Assignment: Set down nothing but the lines from the one containing "The width and" to the final line of the material, exactly as written, and drop the pictures.

Extracted information:

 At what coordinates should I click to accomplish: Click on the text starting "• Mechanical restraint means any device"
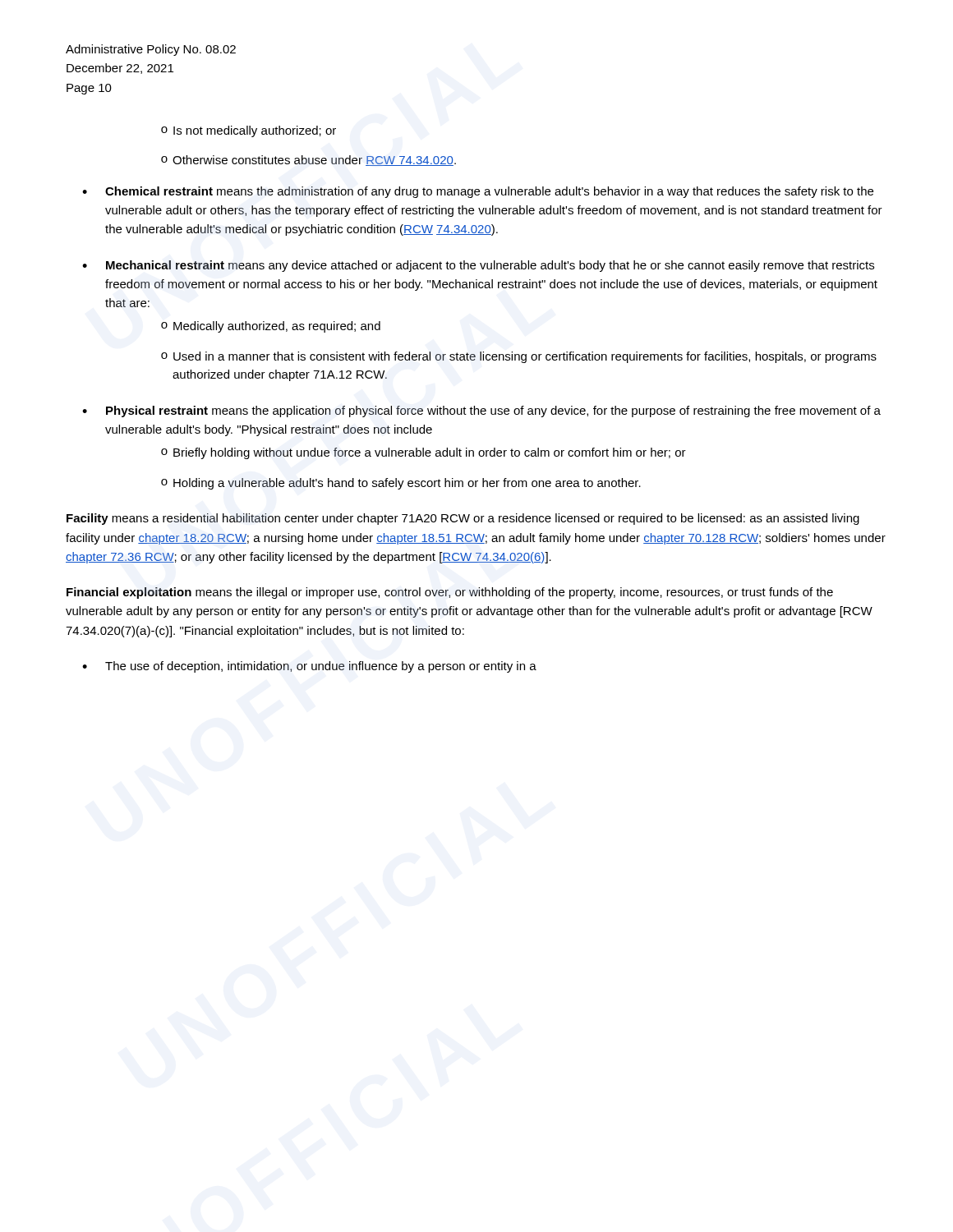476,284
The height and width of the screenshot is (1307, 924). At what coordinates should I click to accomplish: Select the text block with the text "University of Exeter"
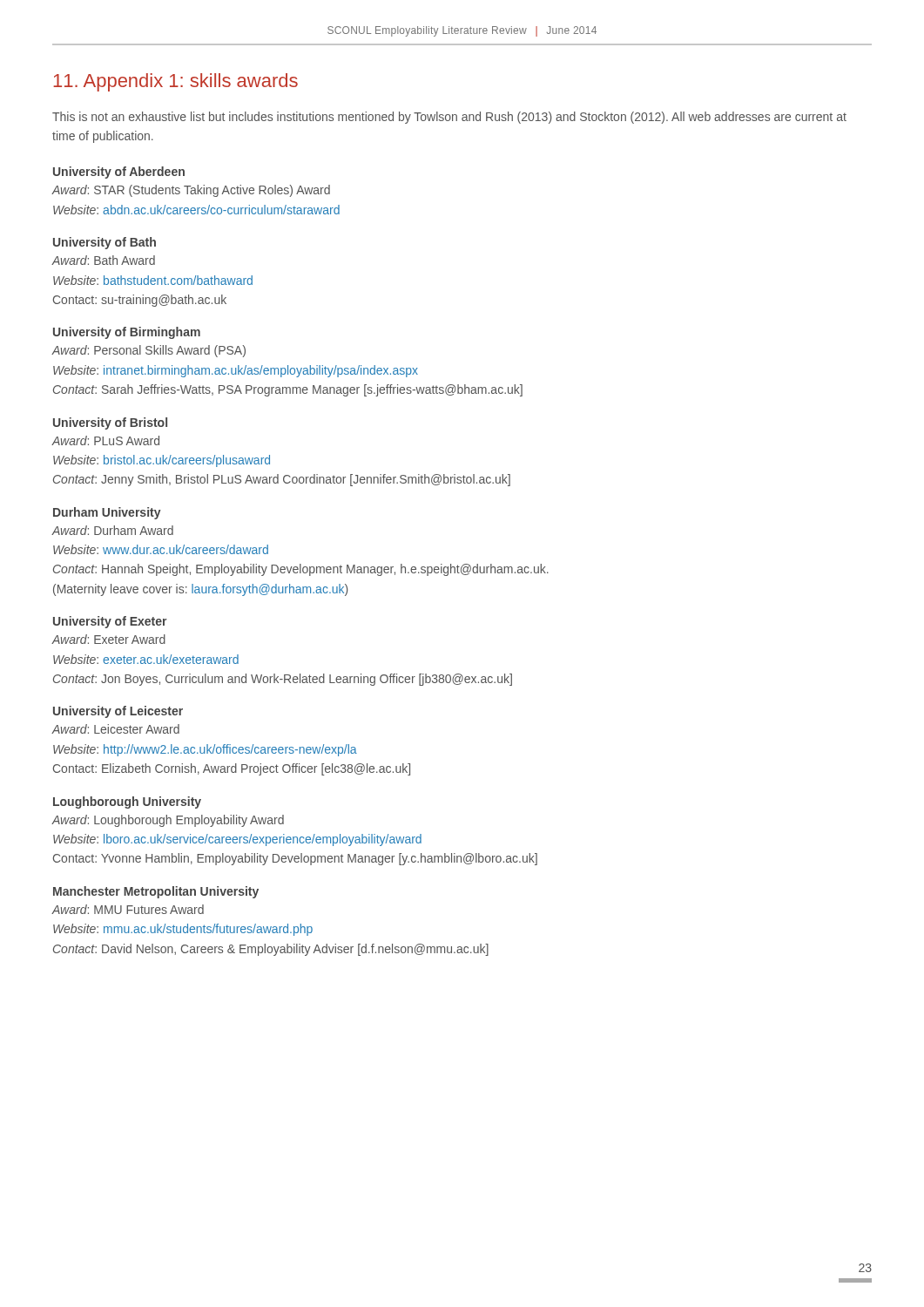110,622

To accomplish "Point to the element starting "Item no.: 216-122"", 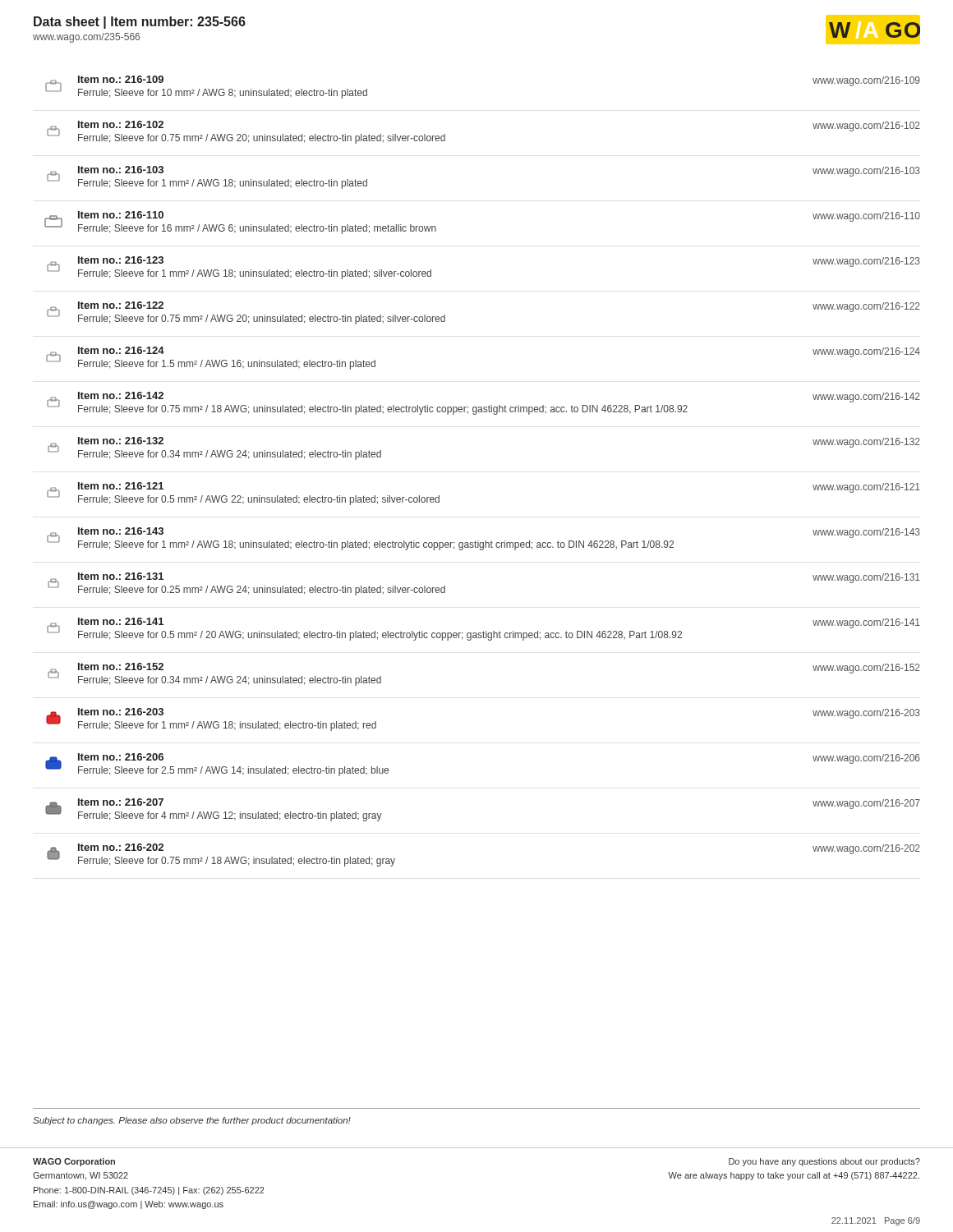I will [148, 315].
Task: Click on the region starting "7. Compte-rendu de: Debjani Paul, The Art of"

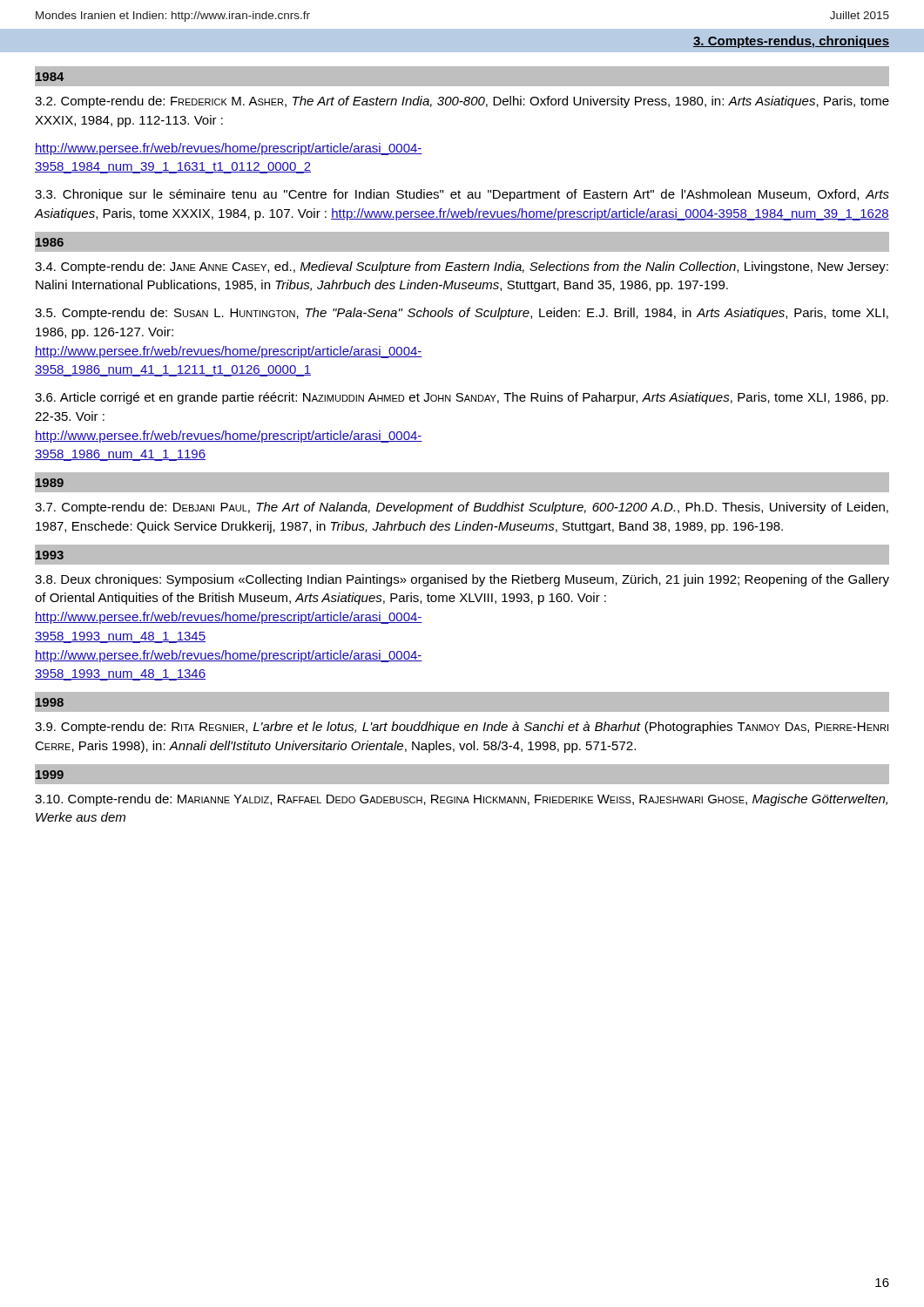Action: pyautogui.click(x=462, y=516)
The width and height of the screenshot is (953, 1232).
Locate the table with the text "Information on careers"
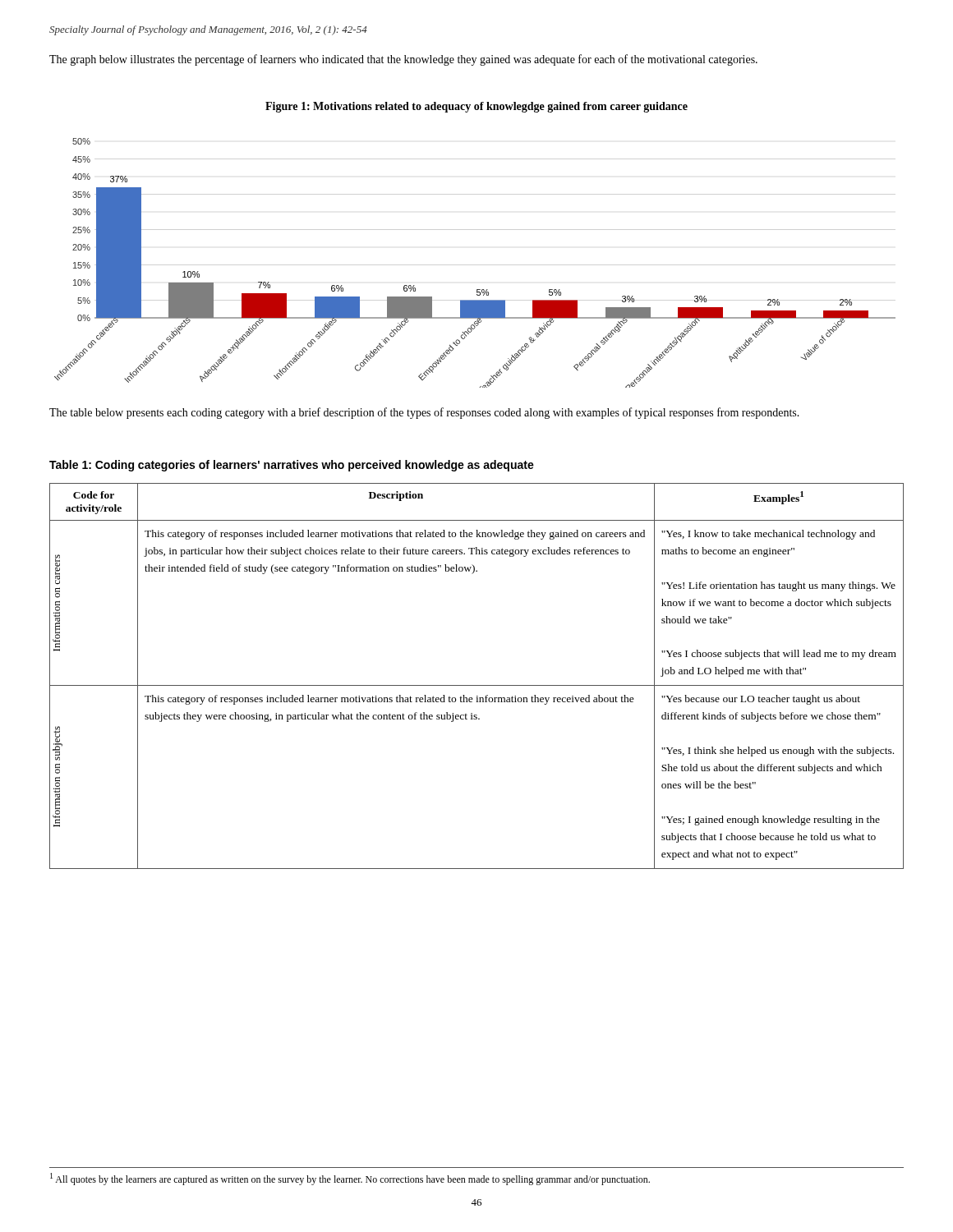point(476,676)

Response box:
The width and height of the screenshot is (953, 1232).
Locate the table with the text "Information on careers"
point(476,676)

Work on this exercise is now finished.